Jan 12 07:18:19 CEPH-21 kernel: [ 5920.958762] iSCSI Login negotiation failed.
Jan 12 07:18:19 CEPH-21 kernel: [ 5920.962447] iSCSI Login negotiation failed.
Jan 12 07:18:20 CEPH-21 kernel: [ 5921.688569] iSCSI Login negotiation failed.
Jan 12 07:18:22 CEPH-21 kernel: [ 5923.959686] iSCSI Login negotiation failed.

Also this about gluster:

 

12/01/2020 07:35:51 INFO GlusterFS mount attempt

12/01/2020 07:35:21 INFO GlusterFS mount attempt

12/01/2020 07:34:51 INFO GlusterFS mount attempt

12/01/2020 07:34:21 INFO GlusterFS mount attempt

12/01/2020 07:33:51 INFO GlusterFS mount attempt

12/01/2020 07:33:21 INFO GlusterFS mount attempt

Looks like iscsi configuration is gone from files?

We have tried to restart petasan-iscsi service but problem persists.

any help appreciated !

Hi Wailer,

Can you provide some additional details of your setup. What version of PetaSAN, how many nodes/OSD/journals?

I am using 2.4.0   . 3 nodes, 15 OSD's per node .

It looks like detaching and reataching disk solved the issue. Any idea how this could happen? It's kinda scary...

Thanks!

Glad it is working now.

Did you "replace" all nodes or did you mean you "upgraded" them via installer/online ?

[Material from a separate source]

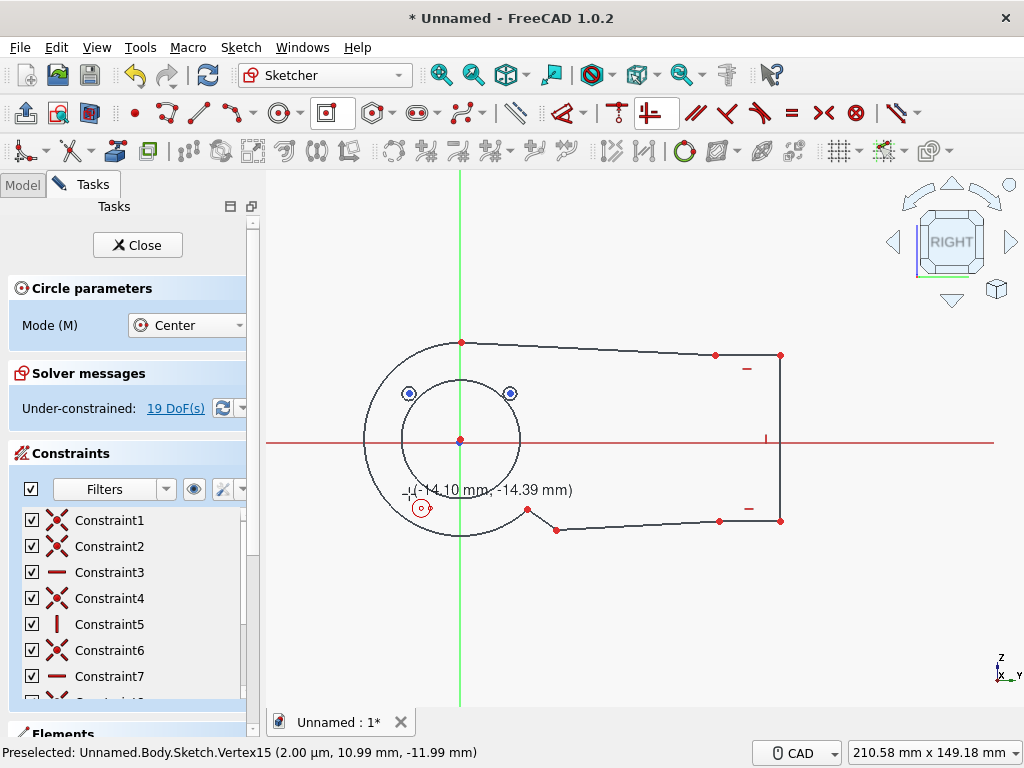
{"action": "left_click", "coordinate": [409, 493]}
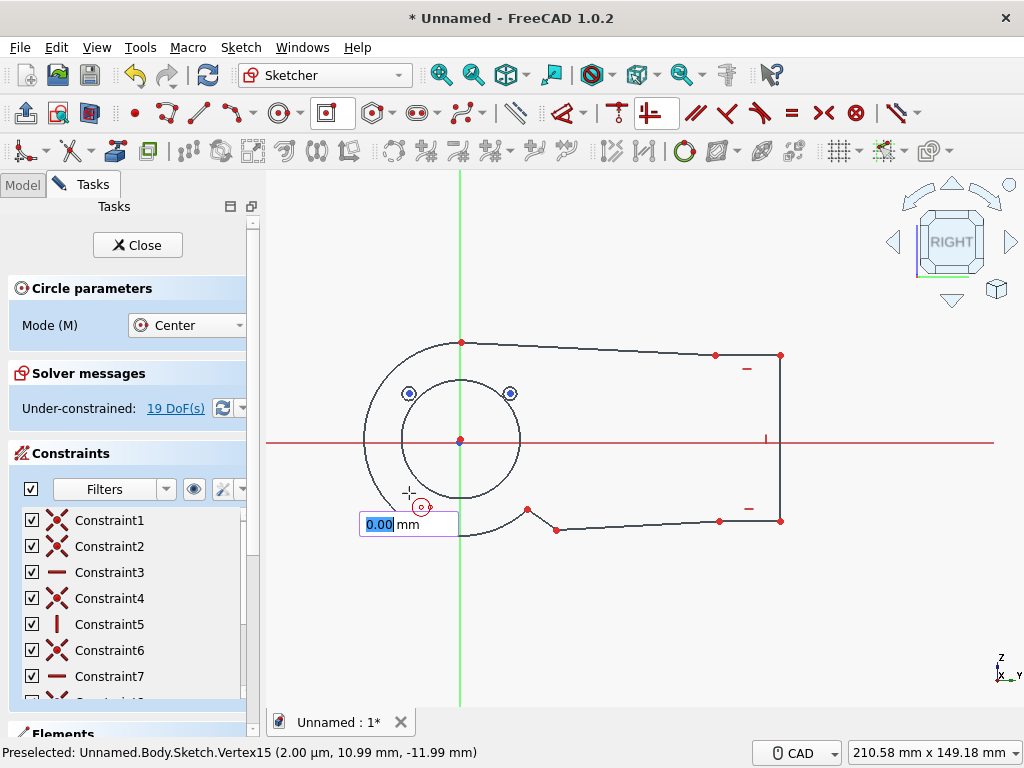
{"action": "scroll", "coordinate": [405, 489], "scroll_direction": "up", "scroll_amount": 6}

If you did a "replace", can you give more detail on how that was done: all at once/one by one/ what was the cluster state when this was happening + also why did you need to replace them all ?

Well, in fact, we replaced management nodes and OSD's 1 by 1 because we were changing the system disk to different size.

We set the "no out flag" during all the process , and the cluster was healthy on each change.

Thanks!

 

There is a step missing in the instructions, when you change a mon with storage you must set the weight for each osd on that mon to zero and let the cluster move all data before you no out flag and replace the node. This is important or it can take a long time for the node to actually be healthy.